[[ Listed records, beginning ]]

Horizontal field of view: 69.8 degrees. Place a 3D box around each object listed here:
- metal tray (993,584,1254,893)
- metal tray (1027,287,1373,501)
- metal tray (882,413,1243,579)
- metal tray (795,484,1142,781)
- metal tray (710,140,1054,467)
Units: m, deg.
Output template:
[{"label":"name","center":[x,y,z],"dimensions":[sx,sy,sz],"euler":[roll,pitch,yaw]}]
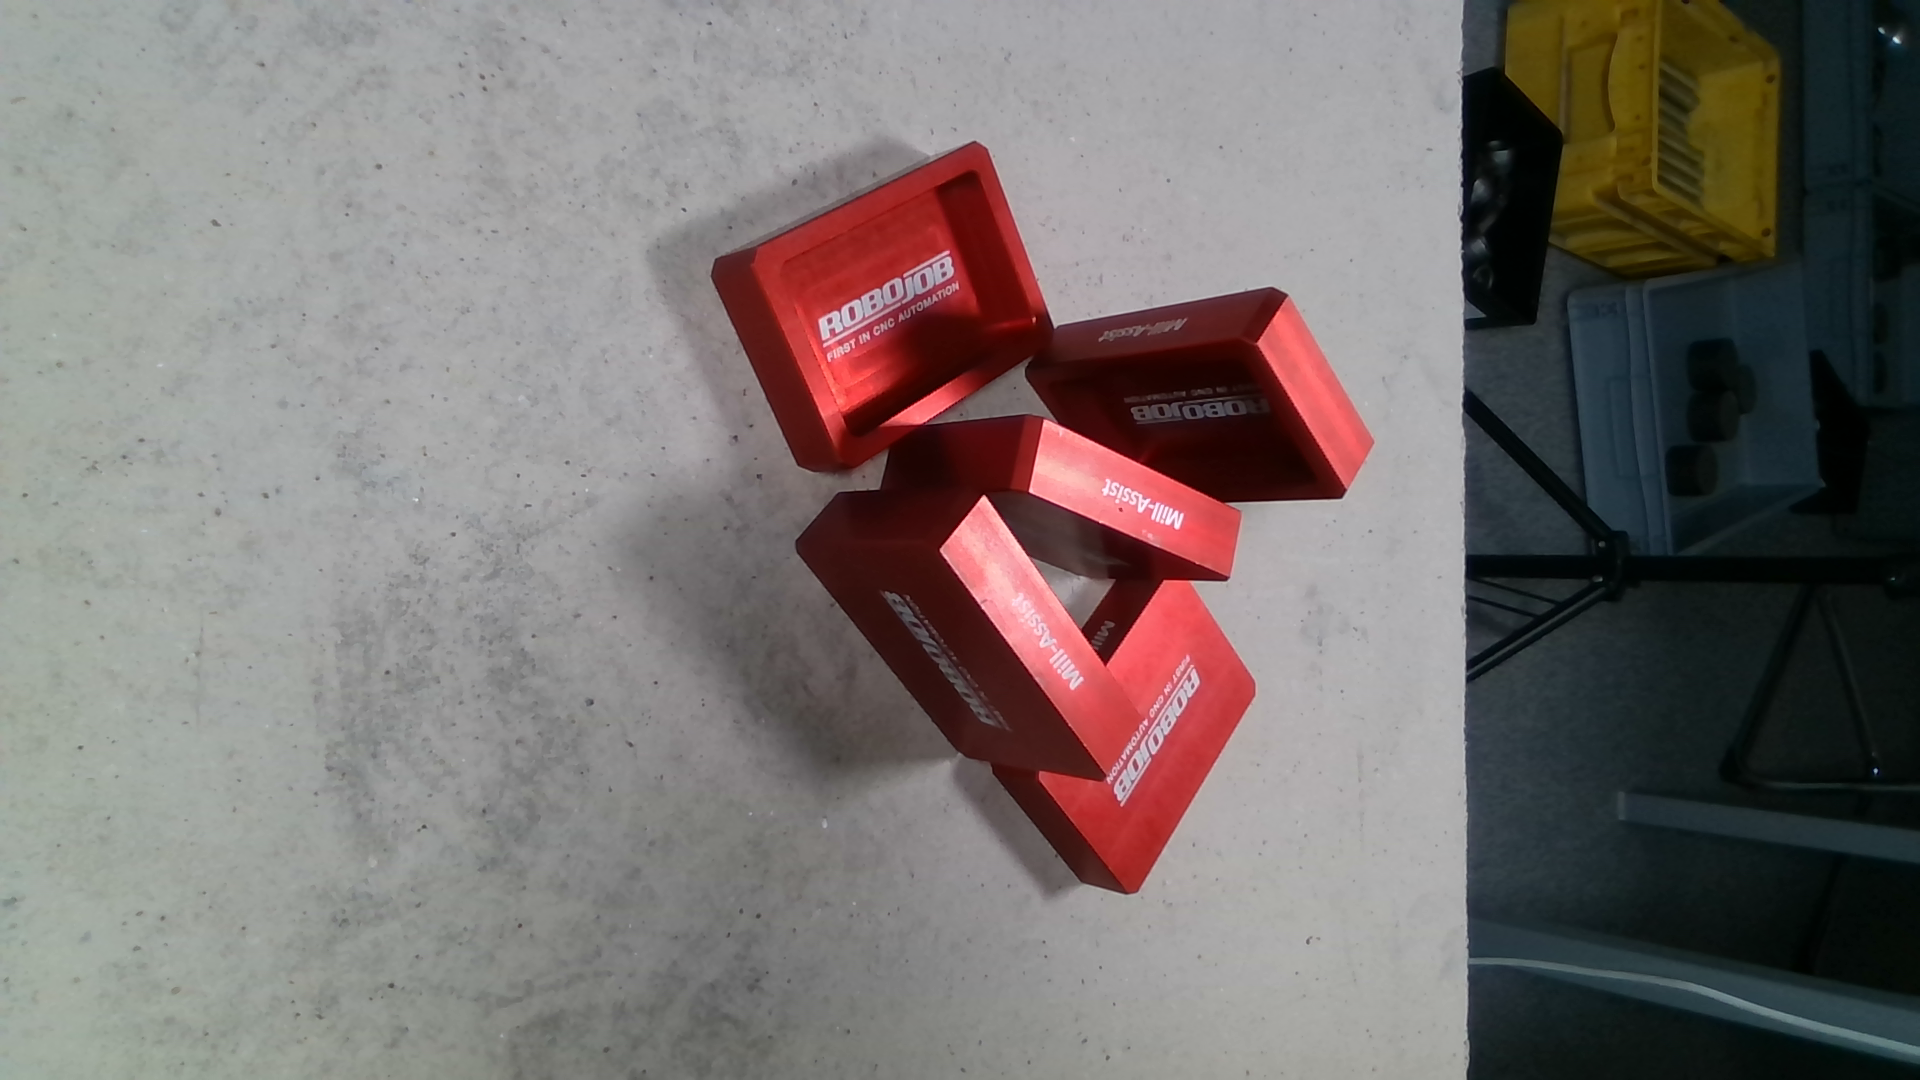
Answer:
[{"label":"metal tray","center":[0.081,0.087,0.648],"dimensions":[0.130,0.030,0.090],"euler":[-52,121,-27]},{"label":"metal tray","center":[0.101,-0.058,0.600],"dimensions":[0.090,0.130,0.030],"euler":[51,60,-28]},{"label":"metal tray","center":[0.044,-0.015,0.577],"dimensions":[0.130,0.090,0.030],"euler":[21,76,-38]},{"label":"metal tray","center":[0.003,0.037,0.543],"dimensions":[0.030,0.090,0.130],"euler":[-51,120,-28]},{"label":"metal tray","center":[-0.027,-0.096,0.557],"dimensions":[0.130,0.030,0.090],"euler":[-36,112,-34]}]

[[ Listed records, end ]]

* **What you have to do**
Only the records themselves, retyped exactly, belong in the answer; please leave all images behind.

* **Answer space**
Horizontal field of view: 69.8 degrees. Place a 3D box around each object listed here:
- metal tray (993,584,1254,893)
- metal tray (1027,287,1373,501)
- metal tray (882,413,1243,579)
- metal tray (795,484,1142,781)
- metal tray (710,140,1054,467)
Units: m, deg.
Output template:
[{"label":"name","center":[x,y,z],"dimensions":[sx,sy,sz],"euler":[roll,pitch,yaw]}]
Answer:
[{"label":"metal tray","center":[0.081,0.087,0.648],"dimensions":[0.130,0.030,0.090],"euler":[-52,121,-27]},{"label":"metal tray","center":[0.101,-0.058,0.600],"dimensions":[0.090,0.130,0.030],"euler":[51,60,-28]},{"label":"metal tray","center":[0.044,-0.015,0.577],"dimensions":[0.130,0.090,0.030],"euler":[21,76,-38]},{"label":"metal tray","center":[0.003,0.037,0.543],"dimensions":[0.030,0.090,0.130],"euler":[-51,120,-28]},{"label":"metal tray","center":[-0.027,-0.096,0.557],"dimensions":[0.130,0.030,0.090],"euler":[-36,112,-34]}]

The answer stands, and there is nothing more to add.